The massive audience cluttered the center-square of the metropolis, Razon.  The screens and holographic icons of advertising that would normally be spurting out their slogans were shut off for the time being.  There was peace, for a moment.

            “People of Razon, of Evanesca, of the world, I come before you humbly to deny any sort of involvement in the terrible incident at the Omnitech headquarters.  As many of you know, there are radical groups within any religion.  It is a sad inevitability, but that is not an excuse.  I condemn those actions as counter-productive in every way to what we Numenicans are truly trying to achieve.”

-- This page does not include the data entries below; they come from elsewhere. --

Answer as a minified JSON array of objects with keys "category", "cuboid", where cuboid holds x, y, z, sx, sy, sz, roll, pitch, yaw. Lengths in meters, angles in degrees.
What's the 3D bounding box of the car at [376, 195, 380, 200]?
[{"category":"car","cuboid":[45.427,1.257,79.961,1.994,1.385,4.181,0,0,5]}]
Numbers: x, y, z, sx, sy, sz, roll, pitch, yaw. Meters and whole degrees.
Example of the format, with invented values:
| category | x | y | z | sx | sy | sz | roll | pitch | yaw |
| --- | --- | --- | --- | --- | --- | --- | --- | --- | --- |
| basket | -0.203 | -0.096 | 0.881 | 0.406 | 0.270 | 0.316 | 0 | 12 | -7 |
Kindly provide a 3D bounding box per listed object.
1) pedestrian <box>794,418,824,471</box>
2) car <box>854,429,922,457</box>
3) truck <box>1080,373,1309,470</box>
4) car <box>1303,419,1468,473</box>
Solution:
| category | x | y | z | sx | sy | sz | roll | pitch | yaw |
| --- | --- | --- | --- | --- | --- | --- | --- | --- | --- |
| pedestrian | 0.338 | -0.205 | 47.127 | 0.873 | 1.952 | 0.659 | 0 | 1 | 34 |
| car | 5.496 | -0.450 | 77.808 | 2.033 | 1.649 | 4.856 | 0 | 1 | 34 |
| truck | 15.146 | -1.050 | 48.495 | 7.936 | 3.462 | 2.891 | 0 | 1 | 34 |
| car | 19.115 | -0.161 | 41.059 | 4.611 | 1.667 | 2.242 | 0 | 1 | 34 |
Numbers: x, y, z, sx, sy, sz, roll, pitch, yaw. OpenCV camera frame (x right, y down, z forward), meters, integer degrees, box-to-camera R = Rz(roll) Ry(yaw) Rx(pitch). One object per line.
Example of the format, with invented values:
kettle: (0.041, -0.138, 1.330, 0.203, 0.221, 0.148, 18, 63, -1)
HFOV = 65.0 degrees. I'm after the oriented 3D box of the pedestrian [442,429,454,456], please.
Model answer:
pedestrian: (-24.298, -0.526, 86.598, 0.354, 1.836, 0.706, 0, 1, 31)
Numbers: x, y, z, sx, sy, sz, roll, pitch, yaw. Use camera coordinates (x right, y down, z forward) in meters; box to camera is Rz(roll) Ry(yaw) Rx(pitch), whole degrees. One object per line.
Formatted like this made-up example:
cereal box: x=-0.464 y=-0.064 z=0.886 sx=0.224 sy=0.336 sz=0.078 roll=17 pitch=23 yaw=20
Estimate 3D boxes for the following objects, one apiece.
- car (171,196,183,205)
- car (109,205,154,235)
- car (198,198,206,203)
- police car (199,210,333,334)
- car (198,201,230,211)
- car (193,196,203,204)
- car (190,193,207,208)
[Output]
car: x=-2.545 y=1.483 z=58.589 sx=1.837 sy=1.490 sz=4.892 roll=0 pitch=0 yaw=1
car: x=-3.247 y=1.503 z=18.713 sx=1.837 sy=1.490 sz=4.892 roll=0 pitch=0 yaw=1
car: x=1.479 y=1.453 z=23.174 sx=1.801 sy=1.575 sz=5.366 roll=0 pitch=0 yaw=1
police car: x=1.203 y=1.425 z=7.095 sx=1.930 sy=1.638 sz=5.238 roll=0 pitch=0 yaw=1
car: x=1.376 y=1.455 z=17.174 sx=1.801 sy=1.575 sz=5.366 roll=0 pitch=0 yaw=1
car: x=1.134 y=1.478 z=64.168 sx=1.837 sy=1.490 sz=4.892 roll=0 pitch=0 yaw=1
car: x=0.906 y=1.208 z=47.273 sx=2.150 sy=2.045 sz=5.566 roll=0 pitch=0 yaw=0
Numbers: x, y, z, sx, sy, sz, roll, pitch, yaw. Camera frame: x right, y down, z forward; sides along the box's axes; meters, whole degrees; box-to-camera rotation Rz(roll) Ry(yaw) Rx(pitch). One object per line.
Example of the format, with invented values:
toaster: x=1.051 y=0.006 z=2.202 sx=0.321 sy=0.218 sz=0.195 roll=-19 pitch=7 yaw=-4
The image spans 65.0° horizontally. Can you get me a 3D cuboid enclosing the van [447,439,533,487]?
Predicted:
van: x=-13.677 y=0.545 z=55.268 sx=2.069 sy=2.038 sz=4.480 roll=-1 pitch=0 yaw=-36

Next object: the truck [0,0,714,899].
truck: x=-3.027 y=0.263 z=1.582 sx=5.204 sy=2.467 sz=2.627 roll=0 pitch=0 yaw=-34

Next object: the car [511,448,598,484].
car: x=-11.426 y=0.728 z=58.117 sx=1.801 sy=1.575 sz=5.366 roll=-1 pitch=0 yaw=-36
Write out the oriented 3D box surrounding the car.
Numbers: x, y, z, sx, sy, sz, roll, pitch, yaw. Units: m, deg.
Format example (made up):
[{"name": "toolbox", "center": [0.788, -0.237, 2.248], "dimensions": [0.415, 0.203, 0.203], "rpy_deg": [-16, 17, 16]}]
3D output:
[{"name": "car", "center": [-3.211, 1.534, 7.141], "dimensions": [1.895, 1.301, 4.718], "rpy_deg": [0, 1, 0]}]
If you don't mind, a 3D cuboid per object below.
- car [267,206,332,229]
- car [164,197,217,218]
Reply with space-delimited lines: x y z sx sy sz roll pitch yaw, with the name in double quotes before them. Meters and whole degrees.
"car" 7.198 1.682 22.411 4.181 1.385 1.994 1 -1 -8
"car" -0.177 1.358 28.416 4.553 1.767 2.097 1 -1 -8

            This drift from the scripted apology unnerved the introducer and his last line was undoubtedly going to segue into a more Numenican-based message.  Pangs of anxiety thumped in his chest, but there was little he could do now.  His superiors would not like this.

            “Many of you have heard the message of Numen, and many have not.  This message goes beyond religion.  It goes beyond advertisements.  It goes beyond me.  And it goes beyond this lifetime.  There is more to life than the possessions you own, and you know this, you feel this, but we do not live it.  The message of the Greater Spirit is really to live in the essence of truth, beauty, friendship, love…” he pauses, tilting his head downward.  “It’s connectedness.  It’s the reason why you do something, and it has no end point.  It never goes on sale.  It cannot be bought because you already have it.  We have it.  It never changes because humans have always needed and felt this emotion and experience of connectedness as holy. 

            “This connection is the love of your children, the love of your wife, and your close uncompromising friendships.  This is Numen.  Not your things at home, not your style, and not the appearances in life.”

            The introducer anxiously buzzed his superior, the man who orchestrated the event, as Dryden kept going.

            “Sir, he is going far off topic and preaching Numenicanism,” the introducer hissed into the phone clipped to his collar.

            “Don’t worry, contingency plans have been made and will now be set into motion,” he replied coolly, expectantly.

            The introducer was dumbfounded for a moment, “Alright, sir.”  

            Dryden suddenly fell silent, then back onto the stage.  A bead of a hole was barely visible on his forehead as it began to gush blood down over his eyes while he lay motionless on stage.

            The ensuing silence humbled everyone.  Nothing could be said that was not felt by everyone.